Rechtliche Beurteilung

[3] Dagegen richtet sich der außerordentliche Revisionsrekurs der Mutter. Darin wird keine erhebliche Rechtsfrage im Sinn des § 62 Abs 1 AußStrG aufgezeigt.

[4] Die Mutter macht als erhebliche Rechtsfrage geltend, das Rekursgericht verkenne, dass nach der Rechtsprechung des Obersten Gerichtshofs jede Obsorgeentziehung, auch die Zuteilung der Alleinobsorge nach Auflösung der Ehe nach § 180 ABGB, eine Gefährdung des Kindeswohls voraussetze, die hier nicht vorliege.

[5] Die Entscheidung nach § 180 Abs 2 ABGB, welchem Elternteil nach Ende der Ehe die Obsorge endgültig zu übertragen ist, hat sich allein am darin genannten Kindeswohl zu orientieren (1 Ob 250/14t), und zwar ohne, dass es – anders als in den hier nicht relevanten Fällen der §§ 181 f ABGB) – einer Kindeswohlgefährdung bedarf, um die alleinige Obsorge anzuordnen (3 Ob 128/14s; vgl Weitzenböck in Schwimann/Kodek , ABGB 5 § 181 Rz 3).
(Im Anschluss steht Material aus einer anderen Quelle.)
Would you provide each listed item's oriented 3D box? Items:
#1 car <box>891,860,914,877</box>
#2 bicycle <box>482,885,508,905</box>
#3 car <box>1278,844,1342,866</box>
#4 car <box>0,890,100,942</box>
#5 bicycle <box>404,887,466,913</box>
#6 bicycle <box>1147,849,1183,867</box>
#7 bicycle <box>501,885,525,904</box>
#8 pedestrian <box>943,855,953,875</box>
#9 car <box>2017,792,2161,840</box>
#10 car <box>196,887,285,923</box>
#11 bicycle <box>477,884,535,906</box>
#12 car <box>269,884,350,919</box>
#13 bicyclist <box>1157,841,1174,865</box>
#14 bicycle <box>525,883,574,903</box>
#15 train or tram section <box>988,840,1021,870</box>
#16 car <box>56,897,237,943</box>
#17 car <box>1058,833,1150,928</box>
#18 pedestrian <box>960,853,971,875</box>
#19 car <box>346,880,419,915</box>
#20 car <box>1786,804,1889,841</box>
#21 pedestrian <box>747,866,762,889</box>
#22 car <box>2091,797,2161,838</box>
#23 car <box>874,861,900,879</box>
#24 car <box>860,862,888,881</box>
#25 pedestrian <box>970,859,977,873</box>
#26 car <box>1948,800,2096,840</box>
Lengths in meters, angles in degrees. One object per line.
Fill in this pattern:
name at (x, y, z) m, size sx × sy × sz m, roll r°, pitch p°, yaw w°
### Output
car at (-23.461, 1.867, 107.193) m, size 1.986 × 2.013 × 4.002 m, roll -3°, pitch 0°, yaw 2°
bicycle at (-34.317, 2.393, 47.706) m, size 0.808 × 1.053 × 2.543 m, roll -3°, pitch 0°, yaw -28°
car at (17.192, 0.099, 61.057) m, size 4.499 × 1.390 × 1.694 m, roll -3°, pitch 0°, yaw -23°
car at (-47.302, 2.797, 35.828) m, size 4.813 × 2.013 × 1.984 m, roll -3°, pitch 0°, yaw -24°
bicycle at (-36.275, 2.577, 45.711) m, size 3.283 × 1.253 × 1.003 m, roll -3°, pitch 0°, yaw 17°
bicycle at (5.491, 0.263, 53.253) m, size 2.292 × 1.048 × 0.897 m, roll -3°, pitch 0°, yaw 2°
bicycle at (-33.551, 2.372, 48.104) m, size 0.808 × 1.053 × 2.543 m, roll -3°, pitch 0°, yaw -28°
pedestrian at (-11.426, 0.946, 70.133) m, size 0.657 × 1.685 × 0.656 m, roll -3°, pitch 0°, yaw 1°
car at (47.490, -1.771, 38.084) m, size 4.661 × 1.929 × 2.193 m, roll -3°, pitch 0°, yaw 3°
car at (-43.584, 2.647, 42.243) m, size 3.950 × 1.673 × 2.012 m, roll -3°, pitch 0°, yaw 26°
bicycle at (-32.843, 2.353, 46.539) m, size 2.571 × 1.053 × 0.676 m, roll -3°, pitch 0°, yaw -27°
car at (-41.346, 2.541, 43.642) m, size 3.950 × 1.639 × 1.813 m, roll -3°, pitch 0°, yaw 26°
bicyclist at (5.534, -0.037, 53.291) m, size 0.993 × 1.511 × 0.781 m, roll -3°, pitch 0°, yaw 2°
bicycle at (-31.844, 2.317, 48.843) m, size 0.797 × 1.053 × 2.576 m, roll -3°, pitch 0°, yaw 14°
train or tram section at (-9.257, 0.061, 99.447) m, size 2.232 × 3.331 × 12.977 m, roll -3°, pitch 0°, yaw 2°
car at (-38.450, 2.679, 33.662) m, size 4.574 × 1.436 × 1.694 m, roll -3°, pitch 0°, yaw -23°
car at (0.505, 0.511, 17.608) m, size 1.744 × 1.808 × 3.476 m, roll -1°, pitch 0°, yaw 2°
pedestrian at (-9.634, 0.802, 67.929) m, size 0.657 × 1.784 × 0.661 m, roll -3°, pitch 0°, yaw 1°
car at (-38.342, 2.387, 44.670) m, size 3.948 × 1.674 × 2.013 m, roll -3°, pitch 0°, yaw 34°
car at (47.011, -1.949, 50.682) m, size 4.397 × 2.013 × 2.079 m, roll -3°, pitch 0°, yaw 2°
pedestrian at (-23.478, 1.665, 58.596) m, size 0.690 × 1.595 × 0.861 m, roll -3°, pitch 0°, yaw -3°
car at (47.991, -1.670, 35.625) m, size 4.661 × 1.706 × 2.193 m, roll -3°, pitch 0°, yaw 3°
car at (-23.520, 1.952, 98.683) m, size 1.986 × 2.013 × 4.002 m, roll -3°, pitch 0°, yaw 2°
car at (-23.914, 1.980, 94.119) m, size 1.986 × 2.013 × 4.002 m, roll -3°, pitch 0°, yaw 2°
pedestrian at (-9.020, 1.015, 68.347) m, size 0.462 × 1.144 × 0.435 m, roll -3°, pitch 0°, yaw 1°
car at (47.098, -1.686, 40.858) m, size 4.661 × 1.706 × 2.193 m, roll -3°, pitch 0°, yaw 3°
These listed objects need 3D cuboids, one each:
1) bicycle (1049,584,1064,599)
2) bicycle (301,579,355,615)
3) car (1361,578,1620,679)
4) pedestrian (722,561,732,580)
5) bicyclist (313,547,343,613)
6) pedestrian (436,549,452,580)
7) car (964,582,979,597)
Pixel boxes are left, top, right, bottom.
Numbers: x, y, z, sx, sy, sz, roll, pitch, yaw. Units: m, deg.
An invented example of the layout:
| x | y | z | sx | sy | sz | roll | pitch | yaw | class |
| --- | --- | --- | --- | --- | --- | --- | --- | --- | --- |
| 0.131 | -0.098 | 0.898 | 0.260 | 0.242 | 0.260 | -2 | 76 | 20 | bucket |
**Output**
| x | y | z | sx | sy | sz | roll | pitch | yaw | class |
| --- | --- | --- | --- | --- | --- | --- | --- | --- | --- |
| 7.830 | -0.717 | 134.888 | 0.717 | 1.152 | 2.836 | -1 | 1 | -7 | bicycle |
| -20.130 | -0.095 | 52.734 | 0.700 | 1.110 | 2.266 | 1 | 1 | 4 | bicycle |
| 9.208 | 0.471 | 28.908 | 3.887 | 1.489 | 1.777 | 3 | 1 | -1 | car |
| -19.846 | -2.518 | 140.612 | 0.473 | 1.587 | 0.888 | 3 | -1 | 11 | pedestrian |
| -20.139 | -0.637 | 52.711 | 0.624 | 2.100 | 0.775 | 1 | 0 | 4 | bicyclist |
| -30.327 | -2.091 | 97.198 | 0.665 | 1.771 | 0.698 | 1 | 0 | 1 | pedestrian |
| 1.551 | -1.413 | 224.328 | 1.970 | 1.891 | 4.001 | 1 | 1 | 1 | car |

Für die Entscheidung, ob eine Alleinobsorge eines Elternteils oder eine Obsorge beider Eltern anzuordnen ist, kommt es daher darauf an, welche Regelung dem Wohl des Kindes besser entspricht (6 Ob 41/13t EF Z 3013, 164 [ Beck ] = EvBl 2013, 963 [ Gottschamel ]; RS0128812).

[6] Der Oberste Gerichtshof ist daher der im außerordentlichen Revisionsrekurs angeführten Lehrmeinung ( Heinrich/Pendl , Entziehung der Obsorge ohne Kindeswohlgefährdung?, EF Z 2013, 248 ff), wonach auch die Änderung der Obsorgeverhältnisse nach § 180 ABGB hin zu einer Alleinobsorge eines Elternteils die Gefährdung des Kindeswohls voraussetze, nicht gefolgt.

[7] Die Entscheidung des Rekursgerichts steht im Einklang mit dieser Rechtsprechung.

[8] Die Frage, ob die Obsorge beider Eltern dem Kindeswohl entspricht (RS0128812 [T8]), sowie die Frage, welchem Elternteil die Kindesobsorge übertragen werden soll, hängt stets von den Umständen des Einzelfalls ab, sofern auf das Kindeswohl ausreichend Bedacht genommen wurde (RS0007101 [T8]).

[9] Eine Überschreitung des den Vorinstanzen eingeräumten Ermessensspielraums oder eine Außerachtlassung des Kindeswohls bei der Zuteilung der Alleinobsorge an den Vater wird im Rechtsmittel der Mutter nicht aufgezeigt, weil nach den Feststellungen bei der Mutter nur eine eingeschränkte Erziehungsfähigkeit vorliegt, aus der sich das erhöhte Risiko einer kindlichen Fehlentwicklung ergibt.

[10] Auch die Frage, ob das Wohl des Kindes es erfordert, nach § 180 Abs 1 ABGB eine vorläufige Regelung der elterlichen Verantwortung zu treffen, hängt von den Umständen des Einzelfalls ab, die in der Regel keine erhebliche Rechtsfrage iSd § 62 Abs 1 AußStrG begründet (RS0128813 [T1]).

[11] Hier sahen die Vorinstanzen von der Anordnung einer Phase der vorläufigen elterlichen Verantwortung aufgrund der strittigen Situation, aber auch aufgrund von psychischen Risikofaktoren für das Wohlergehen der Kinder auf Seiten der Mutter ab. Angesichts dessen wird mit dem Hinweis auf die von der Sachverständigen für möglich gehaltene zukünftige Verbesserung der Kommunikationsbasis der Eltern noch nicht dargetan, dass die Vorinstanzen die Voraussetzungen für eine endgültige Obsorgeregelung gravierend verkannt hätten.

[12] Mangels einer Rechtsfrage der Qualität des § 62 Abs 1 AußStrG war der Revisionsrekurs daher zurückzuweisen.

[13] Die Eingabe der Mutter vom 25. 1. 2021 widerspricht dem auch im außerstreitigen Verfahren geltenden Grundsatz der Einmaligkeit des Rechtsmittels. Nachträge sind daher prinzipiell unzulässig (RS0007007 [T10, T12]).